Patient awareness about these options is limited, as is physician acceptance about the value of the tests. Outfits like Clearity are working on helping clinicians and patients understand how to take advantage of the tests.
The fact that some tests are neither definitive nor diagnostic when it comes to diabetes or heart disease, where genetic variants can either increase or decrease some one's risk, is one reason for the slow uptake in the medical industry, according to Lauren Dennis, a certified genetic counselor with the University of California, San Diego's Health System.
"I think why this technology hasn’t taken off quite yet is the difficulty in interpretation, patients' understanding and limitation of the actionable clinical information it can provide," Dennis said.
"Results can create patient anxiety or possibly provide false reassurance.
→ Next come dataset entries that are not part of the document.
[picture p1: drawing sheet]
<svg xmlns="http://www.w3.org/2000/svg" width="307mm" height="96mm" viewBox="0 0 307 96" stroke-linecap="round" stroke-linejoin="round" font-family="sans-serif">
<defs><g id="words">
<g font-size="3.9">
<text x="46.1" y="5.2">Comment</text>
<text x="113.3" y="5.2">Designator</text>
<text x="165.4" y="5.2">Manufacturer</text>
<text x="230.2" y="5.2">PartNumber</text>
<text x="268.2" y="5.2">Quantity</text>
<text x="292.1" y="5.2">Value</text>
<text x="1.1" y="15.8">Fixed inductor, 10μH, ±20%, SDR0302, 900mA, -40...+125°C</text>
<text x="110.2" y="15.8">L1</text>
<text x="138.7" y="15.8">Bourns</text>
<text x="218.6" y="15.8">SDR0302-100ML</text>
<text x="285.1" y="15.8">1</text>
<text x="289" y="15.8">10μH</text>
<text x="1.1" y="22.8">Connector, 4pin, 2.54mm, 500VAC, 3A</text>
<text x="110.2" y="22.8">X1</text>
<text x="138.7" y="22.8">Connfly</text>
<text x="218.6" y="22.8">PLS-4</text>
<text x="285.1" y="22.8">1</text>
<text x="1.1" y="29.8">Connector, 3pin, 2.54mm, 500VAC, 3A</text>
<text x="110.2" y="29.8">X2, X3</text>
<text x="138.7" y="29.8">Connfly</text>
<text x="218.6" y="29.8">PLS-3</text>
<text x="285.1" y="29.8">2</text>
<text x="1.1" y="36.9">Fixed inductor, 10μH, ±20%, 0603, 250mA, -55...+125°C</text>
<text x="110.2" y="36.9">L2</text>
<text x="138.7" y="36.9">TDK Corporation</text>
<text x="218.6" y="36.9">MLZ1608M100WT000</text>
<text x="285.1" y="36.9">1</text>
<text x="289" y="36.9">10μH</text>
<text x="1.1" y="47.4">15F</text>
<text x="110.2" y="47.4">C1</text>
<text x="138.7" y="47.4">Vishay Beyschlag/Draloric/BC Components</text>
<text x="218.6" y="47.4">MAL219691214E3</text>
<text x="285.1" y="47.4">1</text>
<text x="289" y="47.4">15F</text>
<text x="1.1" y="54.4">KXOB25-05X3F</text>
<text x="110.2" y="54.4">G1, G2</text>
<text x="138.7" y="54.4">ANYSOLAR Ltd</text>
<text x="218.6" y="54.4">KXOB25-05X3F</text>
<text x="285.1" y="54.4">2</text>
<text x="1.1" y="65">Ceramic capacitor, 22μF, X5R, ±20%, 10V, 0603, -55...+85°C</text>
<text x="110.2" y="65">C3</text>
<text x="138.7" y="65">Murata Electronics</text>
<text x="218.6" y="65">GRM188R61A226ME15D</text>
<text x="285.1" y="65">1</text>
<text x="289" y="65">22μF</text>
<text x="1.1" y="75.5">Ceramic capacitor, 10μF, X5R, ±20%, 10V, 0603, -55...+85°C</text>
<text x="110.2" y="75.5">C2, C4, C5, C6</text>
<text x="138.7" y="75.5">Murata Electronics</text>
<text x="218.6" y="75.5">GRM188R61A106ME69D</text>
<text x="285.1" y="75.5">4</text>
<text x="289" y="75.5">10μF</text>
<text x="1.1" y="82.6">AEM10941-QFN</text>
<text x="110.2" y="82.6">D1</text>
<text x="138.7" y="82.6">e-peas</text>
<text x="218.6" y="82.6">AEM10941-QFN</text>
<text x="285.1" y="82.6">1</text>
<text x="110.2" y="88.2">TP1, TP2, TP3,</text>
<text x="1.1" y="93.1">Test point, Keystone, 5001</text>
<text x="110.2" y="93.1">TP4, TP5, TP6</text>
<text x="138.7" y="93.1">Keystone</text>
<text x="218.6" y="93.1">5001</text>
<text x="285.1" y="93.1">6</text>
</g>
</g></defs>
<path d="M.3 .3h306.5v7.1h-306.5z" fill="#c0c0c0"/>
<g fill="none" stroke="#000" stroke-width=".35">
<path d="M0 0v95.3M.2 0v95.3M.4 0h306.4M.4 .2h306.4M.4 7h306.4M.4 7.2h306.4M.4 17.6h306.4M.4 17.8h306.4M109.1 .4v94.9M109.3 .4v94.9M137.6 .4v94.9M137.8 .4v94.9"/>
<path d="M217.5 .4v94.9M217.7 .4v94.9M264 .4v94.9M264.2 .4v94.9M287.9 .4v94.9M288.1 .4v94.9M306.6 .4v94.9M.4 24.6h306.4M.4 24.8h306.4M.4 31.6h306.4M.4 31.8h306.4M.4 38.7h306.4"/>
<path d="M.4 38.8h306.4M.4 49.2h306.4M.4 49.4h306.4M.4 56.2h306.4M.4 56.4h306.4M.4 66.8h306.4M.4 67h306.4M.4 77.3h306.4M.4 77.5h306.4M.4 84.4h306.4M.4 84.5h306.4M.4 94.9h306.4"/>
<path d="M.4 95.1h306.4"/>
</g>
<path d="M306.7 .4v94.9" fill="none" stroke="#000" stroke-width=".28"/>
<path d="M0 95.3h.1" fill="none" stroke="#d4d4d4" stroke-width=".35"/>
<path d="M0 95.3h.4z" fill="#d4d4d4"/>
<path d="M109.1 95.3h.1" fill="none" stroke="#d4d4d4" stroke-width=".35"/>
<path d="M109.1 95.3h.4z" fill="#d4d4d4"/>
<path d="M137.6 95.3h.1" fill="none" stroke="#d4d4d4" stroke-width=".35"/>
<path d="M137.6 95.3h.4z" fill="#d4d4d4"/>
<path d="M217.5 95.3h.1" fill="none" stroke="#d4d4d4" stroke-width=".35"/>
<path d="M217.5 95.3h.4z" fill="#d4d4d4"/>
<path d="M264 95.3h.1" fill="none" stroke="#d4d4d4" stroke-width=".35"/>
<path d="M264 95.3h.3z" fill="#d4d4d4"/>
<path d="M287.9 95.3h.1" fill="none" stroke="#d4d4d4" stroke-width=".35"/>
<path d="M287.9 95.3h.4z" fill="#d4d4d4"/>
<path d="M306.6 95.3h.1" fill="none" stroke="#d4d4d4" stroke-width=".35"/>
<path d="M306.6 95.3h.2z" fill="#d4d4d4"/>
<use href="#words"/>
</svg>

I think our understanding of how these individual genetic variants affect disease will only continue to improve with advances in technology."
One other challenge is that there aren't enough therapeutic technologies that match individual biomarkers, once patients are tested.
Theakston thinks this will change, as patients take more control over their health care.
"Patient initiative will impact how this develops. When someone is fighting for their lives, the passion and motivation to try different options is very strong,” Theakston said. "So the patient community will drive growth in individualized treatments.”